Aim of the exercise: Repeat the data below exactly, dropping any pictures it holds.

START Input records

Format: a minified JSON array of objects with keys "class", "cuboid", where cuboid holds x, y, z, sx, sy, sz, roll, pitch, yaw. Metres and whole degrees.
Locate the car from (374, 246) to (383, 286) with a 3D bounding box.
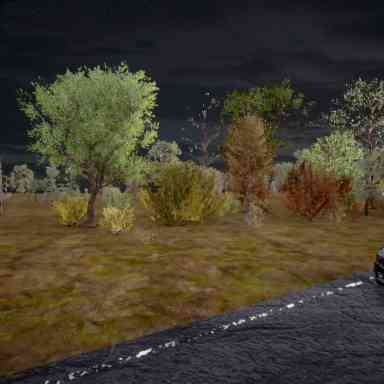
[{"class":"car","cuboid":[6.393,1.477,8.263,5.008,1.535,1.882,0,0,-38]}]
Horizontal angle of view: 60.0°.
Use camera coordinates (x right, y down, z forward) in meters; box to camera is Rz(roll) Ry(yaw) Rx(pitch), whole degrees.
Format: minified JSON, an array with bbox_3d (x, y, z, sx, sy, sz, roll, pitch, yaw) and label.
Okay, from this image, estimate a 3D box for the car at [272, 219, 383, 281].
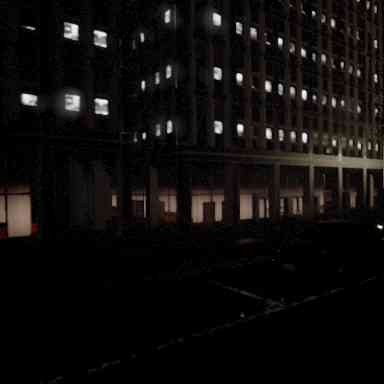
[{"bbox_3d":[4.215,1.491,9.588,4.313,1.339,1.947,-1,0,-36],"label":"car"}]
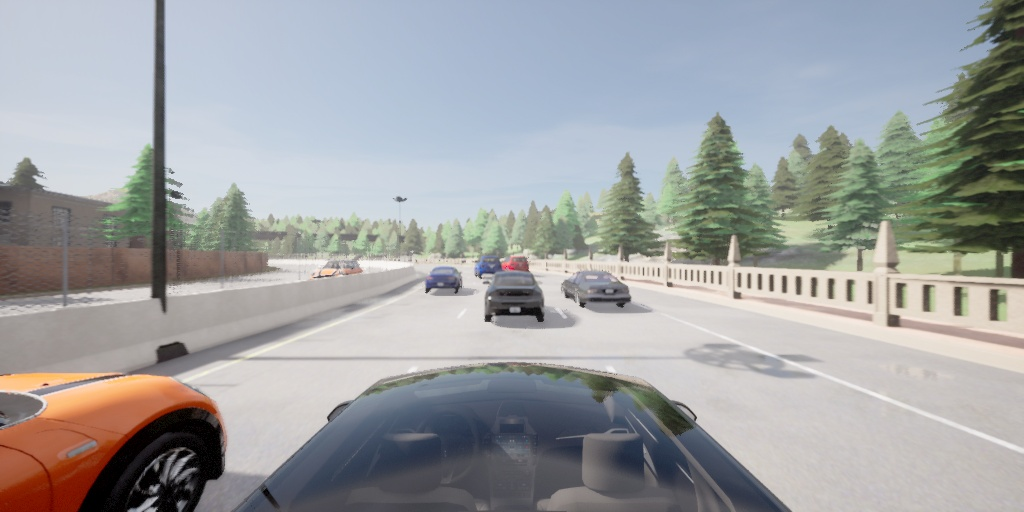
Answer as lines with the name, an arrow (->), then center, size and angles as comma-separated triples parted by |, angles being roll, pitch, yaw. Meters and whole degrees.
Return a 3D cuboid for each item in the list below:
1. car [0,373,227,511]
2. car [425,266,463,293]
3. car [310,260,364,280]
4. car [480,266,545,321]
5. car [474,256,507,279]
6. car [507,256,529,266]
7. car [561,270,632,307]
car -> -3.399, 1.100, 1.061 | 2.097, 1.767, 4.553 | 0, 0, 0
car -> -3.924, 1.317, 20.997 | 1.812, 1.442, 4.674 | 0, 0, -5
car -> -11.122, 1.068, 23.086 | 2.097, 1.767, 4.553 | 0, 0, -6
car -> 0.035, 1.278, 12.528 | 1.837, 1.490, 4.892 | 0, 0, -1
car -> -2.298, 1.041, 33.969 | 2.150, 2.045, 5.566 | 0, 0, -12
car -> 0.210, 1.051, 38.647 | 2.150, 2.045, 5.566 | 0, 0, -14
car -> 3.441, 1.328, 15.544 | 2.033, 1.411, 5.357 | 0, 0, -2
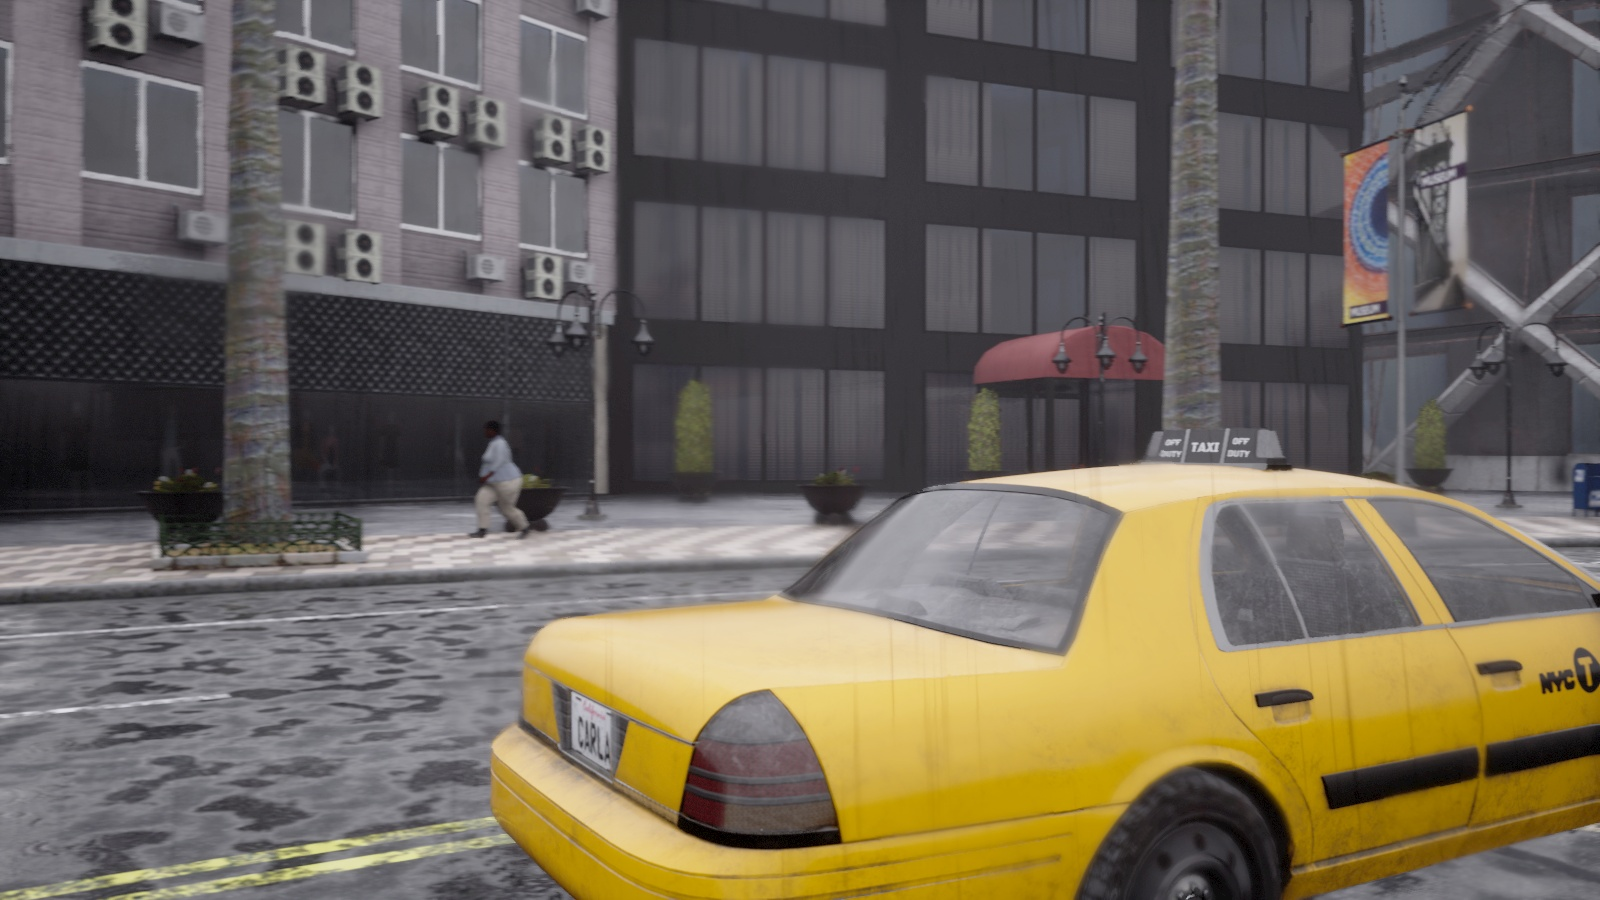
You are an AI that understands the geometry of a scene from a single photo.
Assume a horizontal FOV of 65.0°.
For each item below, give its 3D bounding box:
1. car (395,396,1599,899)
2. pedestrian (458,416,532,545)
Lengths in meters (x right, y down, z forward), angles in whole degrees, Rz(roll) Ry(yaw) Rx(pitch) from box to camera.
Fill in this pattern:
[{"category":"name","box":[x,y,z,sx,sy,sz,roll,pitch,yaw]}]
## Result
[{"category":"car","box":[1.527,0.688,4.418,5.366,1.575,1.801,0,0,-30]},{"category":"pedestrian","box":[-4.546,0.438,18.711,0.900,1.855,0.874,0,0,-27]}]
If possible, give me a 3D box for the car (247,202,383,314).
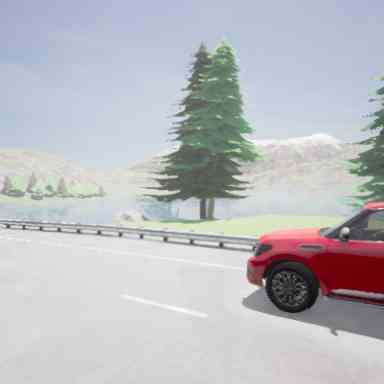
[{"bbox_3d":[3.775,1.137,5.826,5.566,2.045,2.150,0,0,34],"label":"car"}]

END Input records

Response to this task:
Format: a minified JSON array of objects with keys "class", "cuboid", where cuboid holds x, y, z, sx, sy, sz, roll, pitch, yaw. Metres and whole degrees.
Locate the car from (374, 246) to (383, 286) with a 3D bounding box.
[{"class":"car","cuboid":[6.393,1.477,8.263,5.008,1.535,1.882,0,0,-38]}]
Horizontal angle of view: 60.0°.
Use camera coordinates (x right, y down, z forward) in meters; box to camera is Rz(roll) Ry(yaw) Rx(pitch), whole degrees.
Format: minified JSON, an array with bbox_3d (x, y, z, sx, sy, sz, roll, pitch, yaw) and label.
Okay, from this image, estimate a 3D box for the car at [272, 219, 383, 281].
[{"bbox_3d":[4.215,1.491,9.588,4.313,1.339,1.947,-1,0,-36],"label":"car"}]
Answer as lines with the name, an arrow (->), then center, size and angles as comma-separated triples parted by |, angles being roll, pitch, yaw. Meters and whole degrees.
Return a 3D cuboid for each item in the list below:
1. car [0,373,227,511]
2. car [425,266,463,293]
3. car [310,260,364,280]
4. car [480,266,545,321]
5. car [474,256,507,279]
6. car [507,256,529,266]
7. car [561,270,632,307]
car -> -3.399, 1.100, 1.061 | 2.097, 1.767, 4.553 | 0, 0, 0
car -> -3.924, 1.317, 20.997 | 1.812, 1.442, 4.674 | 0, 0, -5
car -> -11.122, 1.068, 23.086 | 2.097, 1.767, 4.553 | 0, 0, -6
car -> 0.035, 1.278, 12.528 | 1.837, 1.490, 4.892 | 0, 0, -1
car -> -2.298, 1.041, 33.969 | 2.150, 2.045, 5.566 | 0, 0, -12
car -> 0.210, 1.051, 38.647 | 2.150, 2.045, 5.566 | 0, 0, -14
car -> 3.441, 1.328, 15.544 | 2.033, 1.411, 5.357 | 0, 0, -2
You are an AI that understands the geometry of a scene from a single photo.
Assume a horizontal FOV of 65.0°.
For each item below, give its 3D bounding box:
1. car (395,396,1599,899)
2. pedestrian (458,416,532,545)
Lengths in meters (x right, y down, z forward), angles in whole degrees, Rz(roll) Ry(yaw) Rx(pitch) from box to camera.
Fill in this pattern:
[{"category":"name","box":[x,y,z,sx,sy,sz,roll,pitch,yaw]}]
## Result
[{"category":"car","box":[1.527,0.688,4.418,5.366,1.575,1.801,0,0,-30]},{"category":"pedestrian","box":[-4.546,0.438,18.711,0.900,1.855,0.874,0,0,-27]}]
If possible, give me a 3D box for the car (247,202,383,314).
[{"bbox_3d":[3.775,1.137,5.826,5.566,2.045,2.150,0,0,34],"label":"car"}]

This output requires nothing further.